* What to work on
Search the listing below for the line containing "Target: the shoe <box>126,19,794,1235</box>". From there through the line containing "1. toaster: -1.288", transcribe every line exactly, both ends included.

### Excerpted records

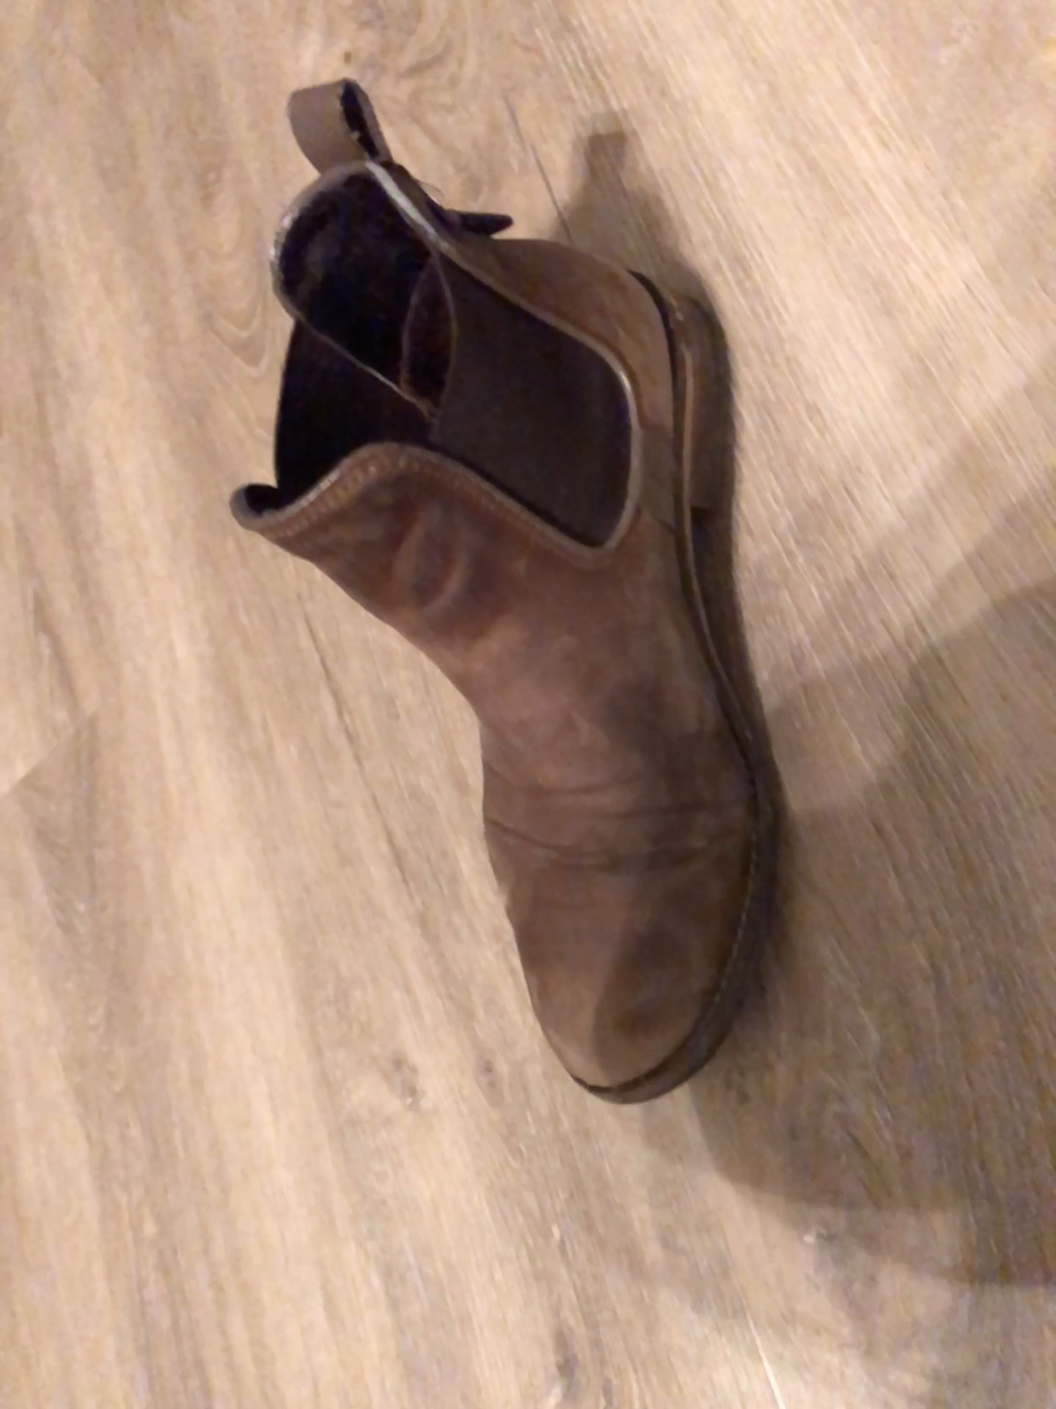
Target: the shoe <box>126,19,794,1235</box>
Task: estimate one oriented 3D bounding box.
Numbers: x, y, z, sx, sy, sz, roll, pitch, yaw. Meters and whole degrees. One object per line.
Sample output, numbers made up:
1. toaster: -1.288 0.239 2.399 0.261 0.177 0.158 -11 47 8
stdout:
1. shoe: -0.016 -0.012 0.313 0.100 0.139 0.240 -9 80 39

######
### Excerpted records

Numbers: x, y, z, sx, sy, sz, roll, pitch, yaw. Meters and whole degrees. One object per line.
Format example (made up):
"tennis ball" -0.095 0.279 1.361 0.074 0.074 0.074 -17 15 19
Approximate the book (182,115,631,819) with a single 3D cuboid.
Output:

######

* Expected answer
Target: the shoe <box>126,19,794,1235</box>
Task: estimate one oriented 3D bounding box.
Numbers: x, y, z, sx, sy, sz, roll, pitch, yaw. Meters and whole degrees. One object per line.
Sample output, numbers made up:
1. toaster: -1.288 0.239 2.399 0.261 0.177 0.158 -11 47 8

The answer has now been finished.